Inhibition of conditioned stimulus pathway phosphoprotein 24 expression blocks the development of intermediate-term memory in Hermissenda.

Studies of memory consolidation have identified multiple phases or stages in the formation of memories. The multiple components of memory can be broadly divided into the three phases; short-term, intermediate-term, and long-term. Although molecular changes underlying short- and long-term memory have been examined extensively, the molecular mechanisms supporting the formation of intermediate-term memory are poorly understood. In several examples of cellular and synaptic plasticity, intermediate memory depends on translation but not transcription. One-trial conditioning in Hermissenda results in the development of intermediate memory that is associated with enhanced cellular excitability and the phosphorylation of a 24 kDa protein referred to as conditioned stimulus pathway phosphoprotein (Csp24). Using amino acid sequences derived from Csp24 peptide fragments, a full-length cDNA was cloned and shown to contain multiple beta-thymosin-like domains. The expression of Csp24 and the development of enhanced excitability, a characteristic of intermediate memory, were blocked by antisense oligonucleotide-mediated downregulation of Csp24 without affecting the induction of immediate enhanced excitability, a characteristic of short-term memory. These results demonstrate that the synthesis of Csp24 is required for the development and maintenance of intermediate memory.

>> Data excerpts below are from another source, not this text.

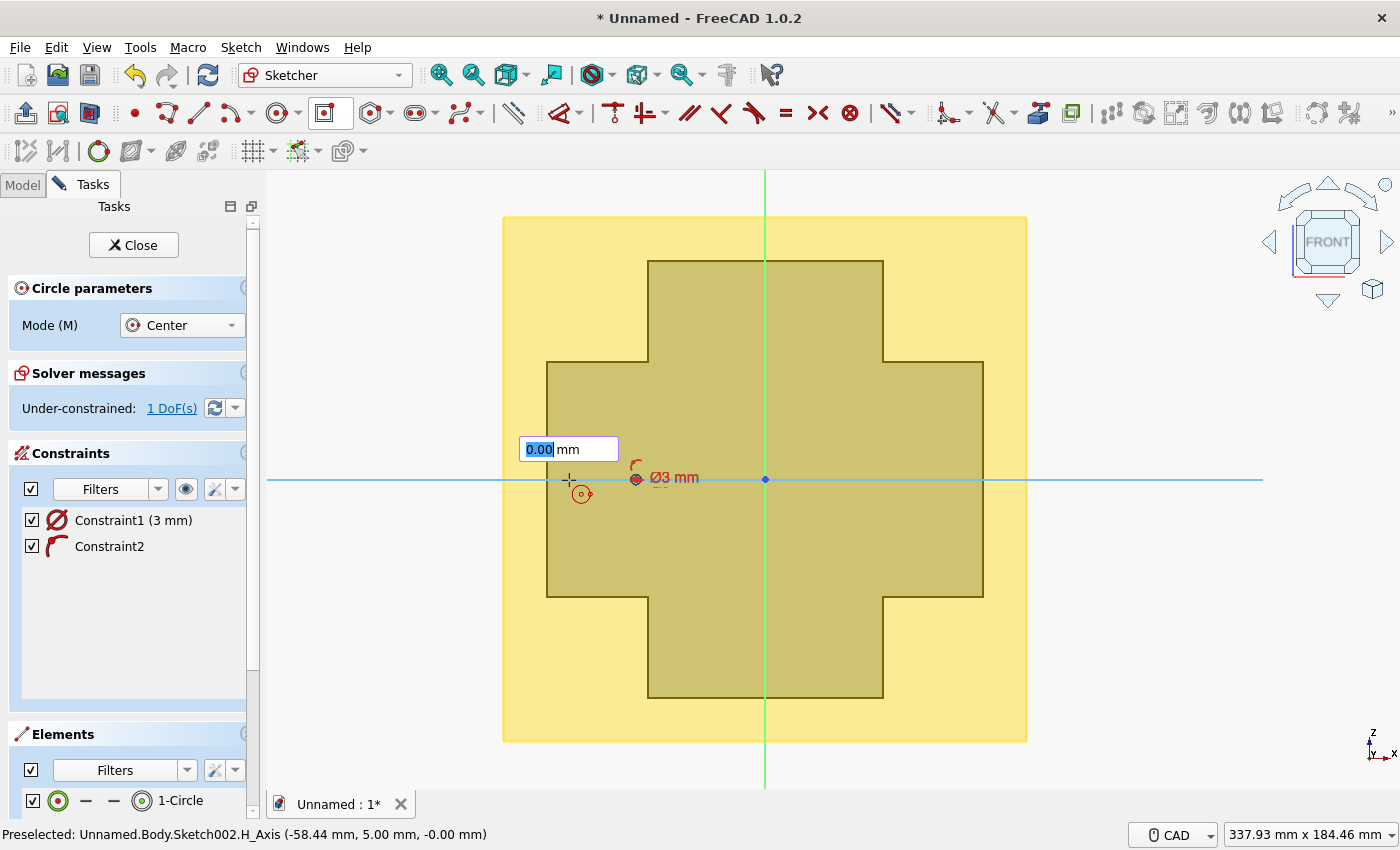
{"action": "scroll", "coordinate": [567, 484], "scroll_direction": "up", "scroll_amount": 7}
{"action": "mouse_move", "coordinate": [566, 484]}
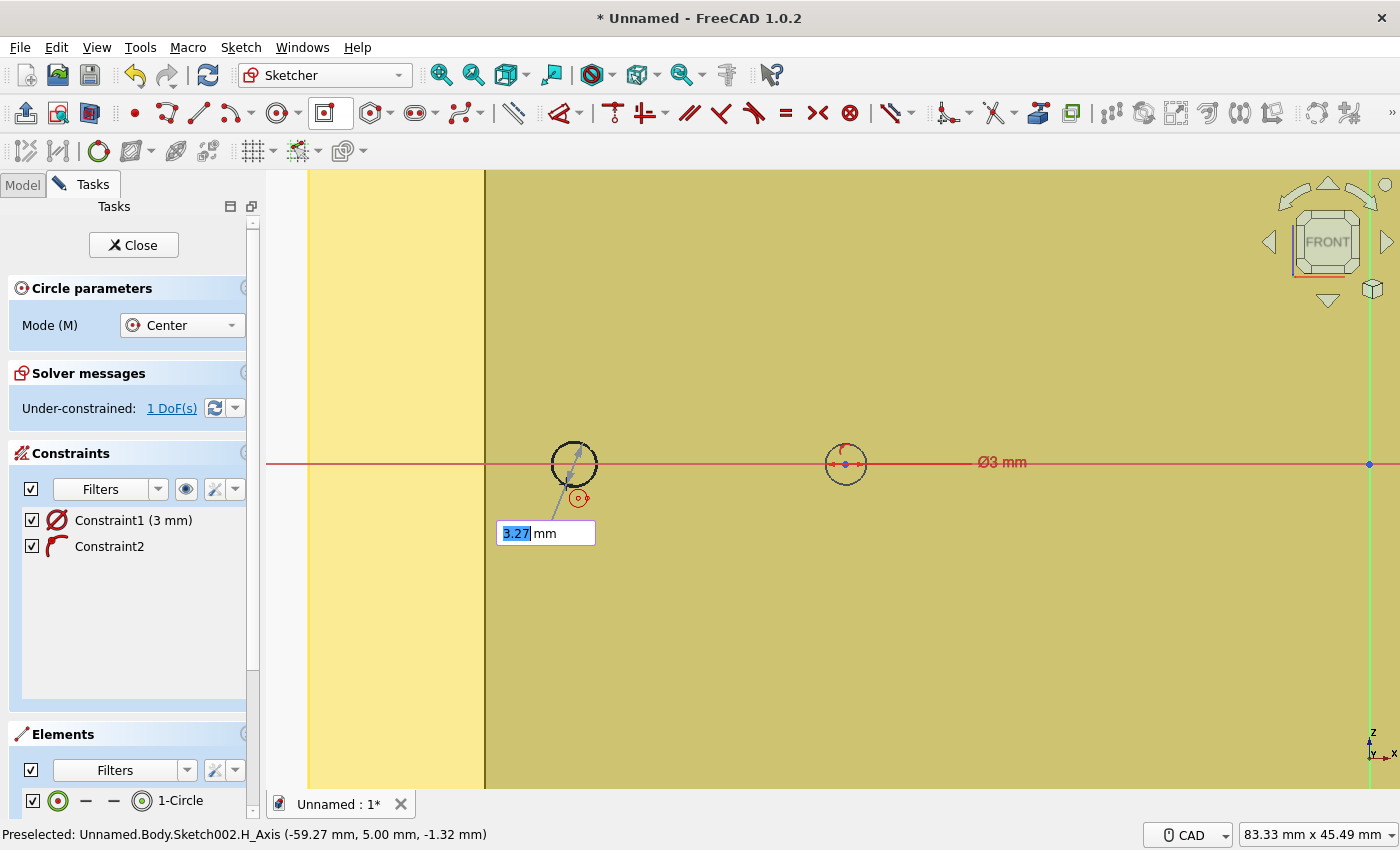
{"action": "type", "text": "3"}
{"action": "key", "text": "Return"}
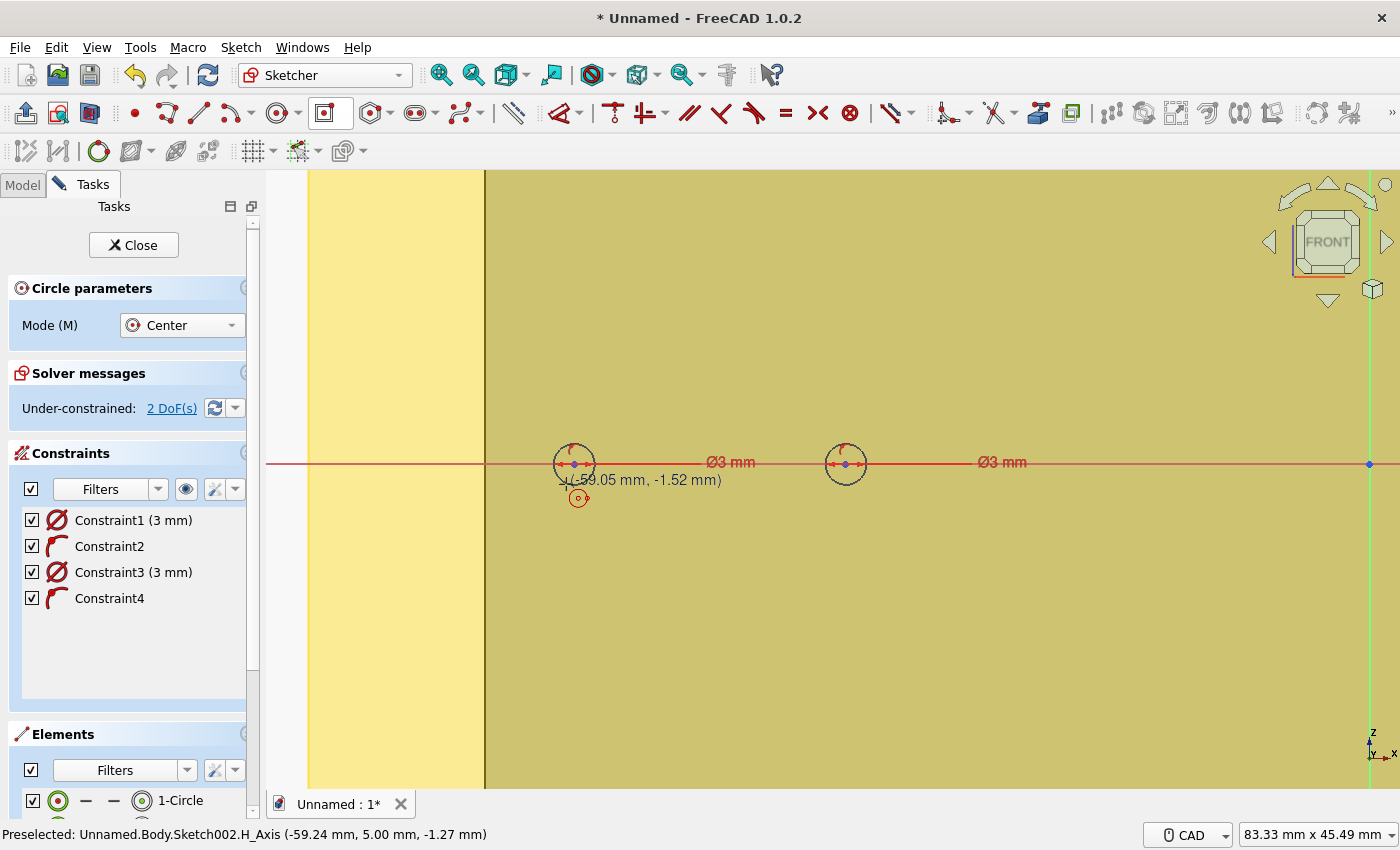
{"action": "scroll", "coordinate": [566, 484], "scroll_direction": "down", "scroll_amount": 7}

One-trial in vitro conditioning regulates a cytoskeletal-related protein (CSP24) in the conditioned stimulus pathway of Hermissenda.

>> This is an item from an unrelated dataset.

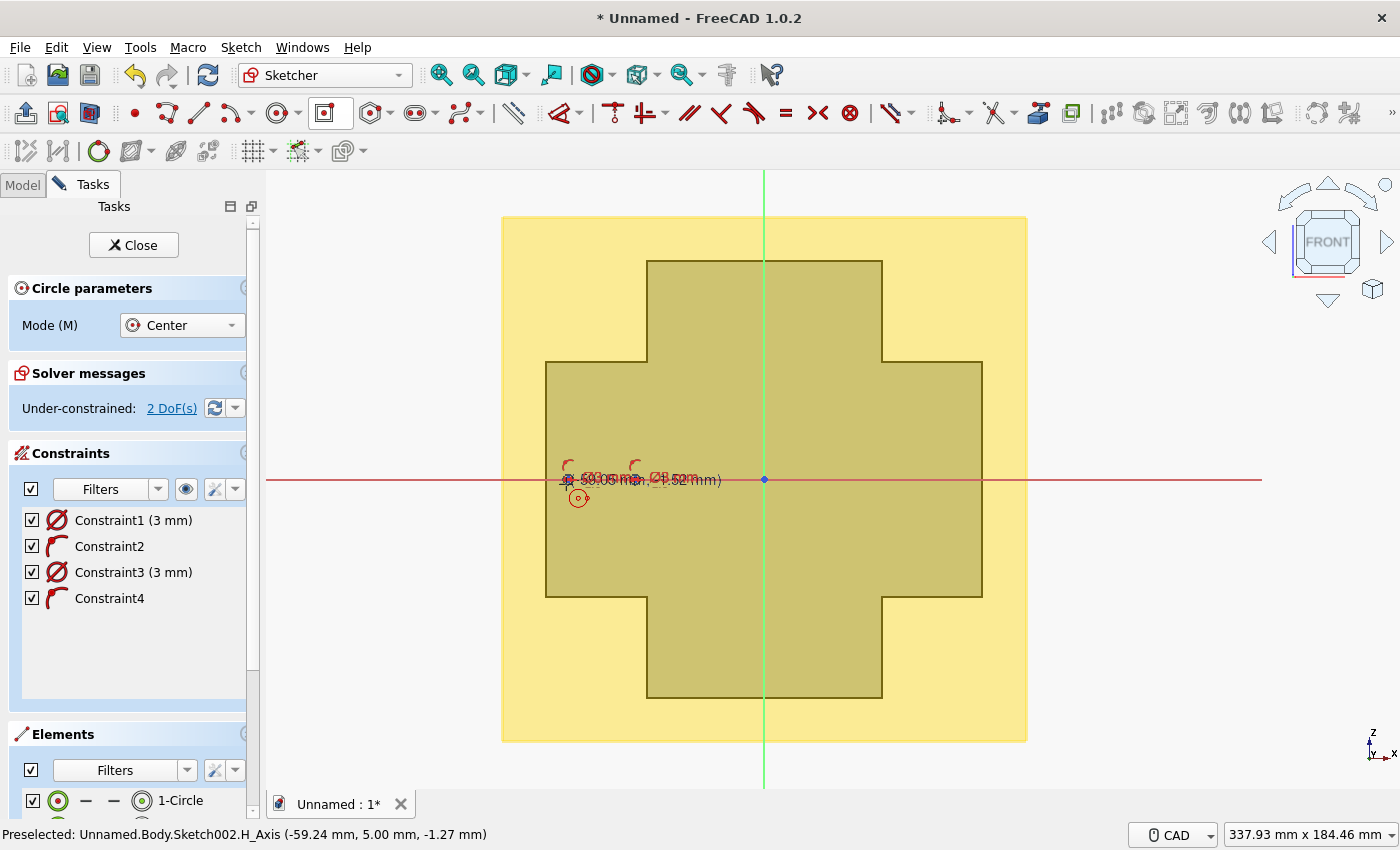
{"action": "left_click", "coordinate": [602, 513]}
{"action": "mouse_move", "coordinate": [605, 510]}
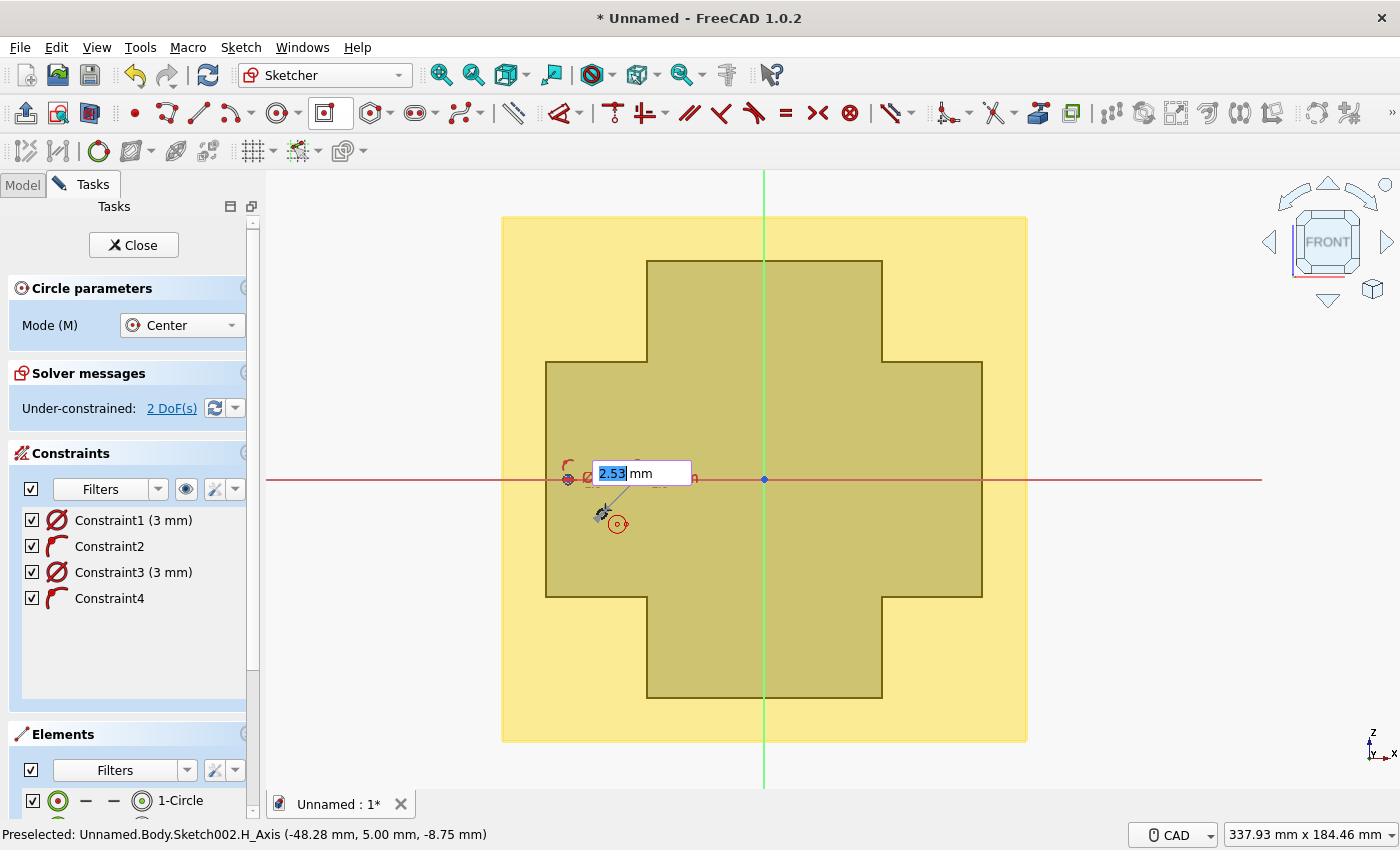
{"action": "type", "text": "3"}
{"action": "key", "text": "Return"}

Hermissenda CSP24 (cytoskeletal-related protein 24) is a 24 kDa beta-thymosin-like protein that is associated with intermediate memory. We showed previously that one-trial conditioning resulted in a significant increase in the phosphorylation of CSP24 detected in lysates of the pathway supporting the conditioned stimulus (CS). Here we report the association of the protein with the actin cytoskeleton and the distribution of CSP24-immunoreactive neurons in two sensory structures and the circumesophageal nervous system. Identified photoreceptors, hair cells, and neurons in the cerebropleural and pedal ganglia were immunoreactive for CSP24. Immunoprecipitation experiments with 32PO4-labeled lysates of the circumesophageal nervous system identified a 44 kDa protein band (consistent with actin) that coprecipitates with CSP24. An analysis of immunoprecipitates on Western blots probed with anti-actin antibody also showed that actin coprecipitates with CSP24. Laser confocal microscopy of photoreceptors costained with fluorescently labeled anti-actin antibody and anti-CSP24 antibody, or fluorescent phalloidin and anti-CSP24 antibody showed that CSP24 is localized with actin in the cytosol of photoreceptor cell bodies and colocalized with presumed G-actin, but not F-actin, in regions adjacent to the plasma membrane. Although CSP24 is widely distributed in the Hermissenda nervous system, its regulation by one-trial conditioning was observed only in the CS pathway. Our findings suggest that CSP24 may interact with components of the actin cytoskeleton that contribute to structural changes underlying the formation and maintenance of enduring forms of memory.